Christian Fanelli : J’aime surtout beaucoup les impressionnistes. J’aime le parcours de Picasso. Je pense aussi à Bernard Buffet, j’aime bien ses traits noirs. J’aime beaucoup Turner. Je n’ai pas à proprement parlé de maitre.

Le Mague : Il y a peu de temps tu avais installé ton atelier dans une galerie de la rue principale de Lesparre et depuis tu l’as déménagé chez toi à Gaillan. Comment es-tu visible désormais auprès du public qui apprécie ton œuvre ?
Christian Fanelli : C’est assez récent. Je n’ai pas encore communiqué cette information. Je veux créer une fresque sur le mur devant chez moi. Ça reste encore à l’état de projet dans mon esprit. Les personnes qui me connaissent ont gardé le contact par téléphone. Certes j’ai perdu la visibilité que j’avais à Lesparre. Mais c’est un état provisoire. D’ailleurs depuis début juillet j’ai déposé avec deux autres artistes (un photographe et sa compagne), quelques tableaux dans une galerie à Lesparre qui s’appelle « Partage ». C’est pour la période lors des mois à venir. Après on verra.

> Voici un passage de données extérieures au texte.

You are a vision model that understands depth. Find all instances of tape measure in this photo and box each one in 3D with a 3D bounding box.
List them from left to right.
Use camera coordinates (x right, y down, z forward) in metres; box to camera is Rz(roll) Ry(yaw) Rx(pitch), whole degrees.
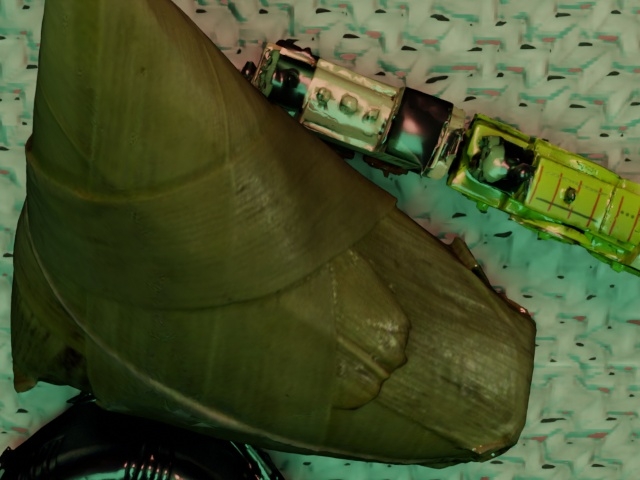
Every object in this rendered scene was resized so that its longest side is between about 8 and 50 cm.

Le Mague : je t’ai croisé récemment à deux reprises dans deux lieux très différents où tu exposais tes œuvres. La première fois au château Chantelys, en étage au-dessus d’un chai sous les toits, dans un cadre rustique. Comment ça s’est passé, quel a été ton ressenti et quel bilan tu as établi ?
Christian Fanelli : Franchement le bilan est positif. J’avais déjà exposé en 2013, puis 2014. Ça s’était très bien passé. Ma compagne de l’époque avait posé. C’était donc une exposition sensuelle qui s’intitulait « Traits féminins ». Puis dernièrement en 2025, je suis revenu exposer dans ce lieu chaleureux avec un très bon accueil de la propriétaire.

Le Mague : En comparaison, la seconde fois, c’était dans un local, d’une association qui se veut culturelle à Saint-Vivien où vous étiez plusieurs artistes. J’ai donné mon écho pas du tout objectif dans l’intro de ton interview. Je voulais connaitre ton point de vue à toi l’artiste et quelle différence tu effectues entre exposer seul ou à plusieurs ?
Christian Fanelli : C’est très compliqué, avec le recul nécessaire, j’ai le plus souvent travaillé seul. A moins d’exposer à deux ou trois et qu’il ait une entente parfaite, ce qui n’est hélas pas toujours le cas. C’est ça qui est important. Donc je me protège et je préfère participer à des expositions tout seul. Car à plusieurs, il n’y pas toujours un échange sain entre les participants.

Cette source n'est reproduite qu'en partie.